Retrieval-Augmented Generation (RAG): Instead of fine-tuning, you can give the model access to a knowledge base. When a user asks a question: (1) Search your documents for relevant information, (2) Include that information in the prompt, (3) The model generates an answer based on your data. RAG is cheaper than fine-tuning and easier to update - just change your document database. Most enterprise AI applications use RAG.
Function Calling and Tool Use: Modern LLMs can call external functions and APIs. Example: user asks "What's the weather in Paris?" The model recognizes this needs real-time data, calls a weather API with the city parameter, receives the response, and incorporates it into a natural language answer. This connects AI to real-world systems - databases, calculators, booking systems, etc. Anthropic calls this "tool use."
💡 Try It Yourself
Test AI Capabilities and Limitations
- → Ask an LLM to solve a simple math problem, then a complex logic puzzle. Notice the difference in accuracy.
- → Try this hallucination test: 'List 3 papers by [fictional researcher name] about AI.' See if the AI invents citations.
- → Experiment with prompts: Ask the same question 3 times and compare responses to see consistency
Use these prompts with ChatGPT, Claude, or Gemini to reinforce what you've learned.
Key Vocabulary: AI Fundamentals
GPU (Graphics Processing Unit): Specialized processor for parallel computation - essential for training neural networks. NVIDIA A100/H100 chips cost $10K-$40K and are the workhorses of modern AI.
TPU (Tensor Processing Unit): Google's custom AI chips optimized for tensor operations - 15-30x faster than GPUs for certain tasks, only available via Google Cloud.
Neural Network: Mathematical system of interconnected layers that transforms inputs to outputs through weighted connections - the foundation of modern AI.
Backpropagation: Algorithm that calculates how much each weight contributed to error, working backward through the network to adjust parameters during training.
Vector Embedding: Converting words, images, or other data into lists of numbers (vectors) that AI models can process - similar concepts have similar vectors.
Transformer: Neural network architecture using attention mechanisms - foundation of ChatGPT, Claude, Gemini, and all modern LLMs.

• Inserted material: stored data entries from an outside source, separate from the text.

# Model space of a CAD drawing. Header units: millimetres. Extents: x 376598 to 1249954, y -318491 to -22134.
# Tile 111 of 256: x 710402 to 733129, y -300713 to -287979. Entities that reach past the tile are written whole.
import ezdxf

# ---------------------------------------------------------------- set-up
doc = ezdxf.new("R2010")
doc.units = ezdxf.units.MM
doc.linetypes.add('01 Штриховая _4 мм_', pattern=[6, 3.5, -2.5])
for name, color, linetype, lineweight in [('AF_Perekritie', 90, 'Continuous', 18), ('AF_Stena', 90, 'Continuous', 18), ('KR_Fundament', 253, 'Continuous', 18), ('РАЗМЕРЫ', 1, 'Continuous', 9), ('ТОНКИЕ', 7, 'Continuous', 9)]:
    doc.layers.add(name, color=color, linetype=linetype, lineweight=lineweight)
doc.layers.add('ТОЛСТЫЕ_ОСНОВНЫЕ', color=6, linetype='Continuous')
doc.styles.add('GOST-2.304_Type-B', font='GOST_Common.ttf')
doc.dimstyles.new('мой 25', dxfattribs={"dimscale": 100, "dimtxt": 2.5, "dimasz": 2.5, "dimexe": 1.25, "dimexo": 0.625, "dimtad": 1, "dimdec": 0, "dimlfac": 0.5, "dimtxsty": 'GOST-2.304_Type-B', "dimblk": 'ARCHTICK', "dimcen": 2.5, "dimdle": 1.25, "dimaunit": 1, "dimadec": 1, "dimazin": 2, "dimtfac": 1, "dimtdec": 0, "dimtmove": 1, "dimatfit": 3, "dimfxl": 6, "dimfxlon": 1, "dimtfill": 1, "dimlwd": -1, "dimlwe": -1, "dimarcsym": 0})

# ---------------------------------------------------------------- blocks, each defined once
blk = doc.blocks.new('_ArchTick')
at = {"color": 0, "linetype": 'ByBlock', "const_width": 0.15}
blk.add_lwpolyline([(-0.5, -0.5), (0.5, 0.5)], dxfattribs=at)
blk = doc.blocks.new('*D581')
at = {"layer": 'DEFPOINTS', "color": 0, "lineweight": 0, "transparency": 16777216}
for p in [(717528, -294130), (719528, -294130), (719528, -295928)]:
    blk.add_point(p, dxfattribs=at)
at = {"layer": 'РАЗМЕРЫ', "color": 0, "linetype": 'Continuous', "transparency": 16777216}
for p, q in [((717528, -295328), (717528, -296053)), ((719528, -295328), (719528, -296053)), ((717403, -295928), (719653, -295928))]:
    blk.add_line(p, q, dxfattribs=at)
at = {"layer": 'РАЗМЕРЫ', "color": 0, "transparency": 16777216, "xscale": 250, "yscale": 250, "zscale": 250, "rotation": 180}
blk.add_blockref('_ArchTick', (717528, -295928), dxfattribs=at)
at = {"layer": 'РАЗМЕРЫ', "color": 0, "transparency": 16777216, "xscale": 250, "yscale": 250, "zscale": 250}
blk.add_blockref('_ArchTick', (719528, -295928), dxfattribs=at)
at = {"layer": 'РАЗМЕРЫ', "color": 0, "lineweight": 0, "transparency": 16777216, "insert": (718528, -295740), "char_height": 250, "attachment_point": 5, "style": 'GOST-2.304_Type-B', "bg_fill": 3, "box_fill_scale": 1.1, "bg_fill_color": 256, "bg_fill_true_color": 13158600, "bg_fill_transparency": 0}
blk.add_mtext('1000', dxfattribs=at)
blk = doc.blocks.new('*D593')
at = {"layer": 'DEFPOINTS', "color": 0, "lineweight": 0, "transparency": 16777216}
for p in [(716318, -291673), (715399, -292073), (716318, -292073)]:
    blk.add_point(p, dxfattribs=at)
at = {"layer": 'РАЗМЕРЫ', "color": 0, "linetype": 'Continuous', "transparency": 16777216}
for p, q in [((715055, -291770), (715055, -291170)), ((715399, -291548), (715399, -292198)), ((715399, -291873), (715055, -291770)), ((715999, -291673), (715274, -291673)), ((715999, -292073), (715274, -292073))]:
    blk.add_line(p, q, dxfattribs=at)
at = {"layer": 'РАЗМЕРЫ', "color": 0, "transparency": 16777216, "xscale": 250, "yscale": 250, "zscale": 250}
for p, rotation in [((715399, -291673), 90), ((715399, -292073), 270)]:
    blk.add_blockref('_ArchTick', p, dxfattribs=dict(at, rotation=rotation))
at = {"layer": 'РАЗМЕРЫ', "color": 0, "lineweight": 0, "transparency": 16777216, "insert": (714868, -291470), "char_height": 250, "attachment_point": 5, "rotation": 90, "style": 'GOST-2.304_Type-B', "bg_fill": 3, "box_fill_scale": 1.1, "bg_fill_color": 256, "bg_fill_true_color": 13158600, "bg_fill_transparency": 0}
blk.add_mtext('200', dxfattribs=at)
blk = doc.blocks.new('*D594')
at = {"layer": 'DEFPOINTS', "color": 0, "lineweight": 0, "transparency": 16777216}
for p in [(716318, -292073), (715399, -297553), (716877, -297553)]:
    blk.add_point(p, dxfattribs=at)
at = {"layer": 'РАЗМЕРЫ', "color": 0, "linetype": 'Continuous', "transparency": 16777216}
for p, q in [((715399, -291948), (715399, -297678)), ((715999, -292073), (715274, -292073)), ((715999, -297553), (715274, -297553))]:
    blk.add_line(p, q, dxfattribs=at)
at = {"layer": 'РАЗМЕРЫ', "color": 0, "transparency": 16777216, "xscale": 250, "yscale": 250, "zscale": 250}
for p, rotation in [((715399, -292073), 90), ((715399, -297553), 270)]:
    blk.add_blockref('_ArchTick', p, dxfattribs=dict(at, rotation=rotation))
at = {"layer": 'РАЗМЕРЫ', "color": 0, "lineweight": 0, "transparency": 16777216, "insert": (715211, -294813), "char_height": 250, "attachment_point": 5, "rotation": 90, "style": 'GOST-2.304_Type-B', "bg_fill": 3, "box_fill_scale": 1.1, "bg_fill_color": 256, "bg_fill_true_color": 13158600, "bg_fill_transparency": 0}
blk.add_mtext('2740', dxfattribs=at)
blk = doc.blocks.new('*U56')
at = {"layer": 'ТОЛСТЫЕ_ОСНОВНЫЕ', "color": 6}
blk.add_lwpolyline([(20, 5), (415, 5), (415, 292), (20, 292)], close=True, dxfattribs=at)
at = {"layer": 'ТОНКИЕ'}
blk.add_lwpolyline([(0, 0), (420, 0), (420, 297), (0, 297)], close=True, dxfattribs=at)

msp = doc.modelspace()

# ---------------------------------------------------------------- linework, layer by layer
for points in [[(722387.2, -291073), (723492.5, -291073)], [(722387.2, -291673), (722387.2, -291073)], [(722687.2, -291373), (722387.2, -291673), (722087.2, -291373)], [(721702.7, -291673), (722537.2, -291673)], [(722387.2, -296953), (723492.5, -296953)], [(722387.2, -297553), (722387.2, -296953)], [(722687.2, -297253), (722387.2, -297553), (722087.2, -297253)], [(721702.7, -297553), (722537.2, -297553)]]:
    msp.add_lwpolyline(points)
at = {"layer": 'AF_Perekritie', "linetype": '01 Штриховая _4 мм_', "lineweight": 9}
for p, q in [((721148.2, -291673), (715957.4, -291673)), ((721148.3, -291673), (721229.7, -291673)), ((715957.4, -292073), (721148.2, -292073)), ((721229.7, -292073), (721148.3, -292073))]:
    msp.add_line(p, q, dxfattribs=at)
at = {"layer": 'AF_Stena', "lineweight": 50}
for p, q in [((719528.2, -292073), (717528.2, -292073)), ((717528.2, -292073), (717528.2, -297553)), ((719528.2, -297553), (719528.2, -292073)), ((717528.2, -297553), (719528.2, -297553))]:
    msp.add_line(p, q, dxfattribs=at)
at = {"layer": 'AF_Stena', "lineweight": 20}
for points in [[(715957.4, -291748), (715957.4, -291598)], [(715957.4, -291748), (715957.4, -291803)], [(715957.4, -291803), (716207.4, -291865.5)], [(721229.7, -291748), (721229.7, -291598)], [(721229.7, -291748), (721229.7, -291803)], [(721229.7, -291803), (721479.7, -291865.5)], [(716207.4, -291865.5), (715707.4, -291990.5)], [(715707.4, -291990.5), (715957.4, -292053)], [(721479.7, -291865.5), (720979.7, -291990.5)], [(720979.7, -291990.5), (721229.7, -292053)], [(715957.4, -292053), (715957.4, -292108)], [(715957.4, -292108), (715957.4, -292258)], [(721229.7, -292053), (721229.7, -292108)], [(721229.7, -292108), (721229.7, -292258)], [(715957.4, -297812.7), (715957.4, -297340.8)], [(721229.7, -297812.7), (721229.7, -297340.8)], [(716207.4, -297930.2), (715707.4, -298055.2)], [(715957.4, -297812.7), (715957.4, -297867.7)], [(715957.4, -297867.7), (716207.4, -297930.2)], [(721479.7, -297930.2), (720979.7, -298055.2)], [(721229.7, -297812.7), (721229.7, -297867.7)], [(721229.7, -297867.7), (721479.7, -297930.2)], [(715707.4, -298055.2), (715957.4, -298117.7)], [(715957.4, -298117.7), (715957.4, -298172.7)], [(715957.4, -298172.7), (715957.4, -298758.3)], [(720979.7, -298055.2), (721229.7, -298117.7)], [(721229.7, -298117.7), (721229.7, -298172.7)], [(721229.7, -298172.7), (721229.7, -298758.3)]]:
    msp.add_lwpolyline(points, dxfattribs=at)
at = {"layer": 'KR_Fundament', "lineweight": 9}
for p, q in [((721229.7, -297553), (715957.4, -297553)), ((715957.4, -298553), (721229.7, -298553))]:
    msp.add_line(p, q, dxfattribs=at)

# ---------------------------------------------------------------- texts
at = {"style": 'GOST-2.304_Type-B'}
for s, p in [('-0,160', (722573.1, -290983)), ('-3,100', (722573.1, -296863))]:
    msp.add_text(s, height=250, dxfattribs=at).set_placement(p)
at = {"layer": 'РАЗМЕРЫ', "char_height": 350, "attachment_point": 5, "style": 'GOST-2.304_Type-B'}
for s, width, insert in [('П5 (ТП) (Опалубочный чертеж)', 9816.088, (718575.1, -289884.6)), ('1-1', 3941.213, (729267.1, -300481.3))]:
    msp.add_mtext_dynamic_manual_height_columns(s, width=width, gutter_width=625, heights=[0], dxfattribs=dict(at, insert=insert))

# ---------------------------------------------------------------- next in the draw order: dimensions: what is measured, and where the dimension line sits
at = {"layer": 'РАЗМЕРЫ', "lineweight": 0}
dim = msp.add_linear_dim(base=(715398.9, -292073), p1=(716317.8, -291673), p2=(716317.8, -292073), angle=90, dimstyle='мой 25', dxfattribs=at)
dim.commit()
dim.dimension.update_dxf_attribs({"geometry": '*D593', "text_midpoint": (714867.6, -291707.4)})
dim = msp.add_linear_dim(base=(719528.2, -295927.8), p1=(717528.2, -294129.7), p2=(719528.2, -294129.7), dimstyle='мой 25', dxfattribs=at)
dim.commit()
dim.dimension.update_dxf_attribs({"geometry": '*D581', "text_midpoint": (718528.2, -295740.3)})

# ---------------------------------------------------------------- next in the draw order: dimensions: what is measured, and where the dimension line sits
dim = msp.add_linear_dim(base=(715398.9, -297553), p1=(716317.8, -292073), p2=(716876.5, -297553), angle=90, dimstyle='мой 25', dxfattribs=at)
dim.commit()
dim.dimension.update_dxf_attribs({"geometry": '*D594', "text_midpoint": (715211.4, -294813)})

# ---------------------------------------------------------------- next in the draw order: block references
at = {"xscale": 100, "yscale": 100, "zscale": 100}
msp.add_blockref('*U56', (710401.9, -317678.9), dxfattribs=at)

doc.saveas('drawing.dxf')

Introduced in 2017.
Token: Basic unit of text processed by LLMs - roughly a word or word fragment. API pricing is per token (~1.3 tokens per English word).
Hallucination: When LLMs confidently state false information as fact - a fundamental problem that can't be eliminated, only reduced.
Model Drift: Changes in LLM behavior over time as providers update models - prompts that worked yesterday may fail today.
Context Window: Maximum amount of text an LLM can process at once (Claude: 200K tokens, GPT-4: 128K tokens). Older content gets truncated when full.
Prompt Engineering: Crafting effective inputs to AI systems - techniques like few-shot learning, chain-of-thought, and role assignment dramatically improve outputs.
Fine-Tuning: Continuing to train a pre-trained model on your specific data to specialize it for your use case.
RAG (Retrieval-Augmented Generation): Giving LLMs access to external knowledge bases - search documents, include relevant info in prompt, generate answer based on your data.
RLHF (Reinforcement Learning from Human Feedback): Training technique where humans rate AI outputs and the model learns to produce higher-rated responses - how ChatGPT became helpful.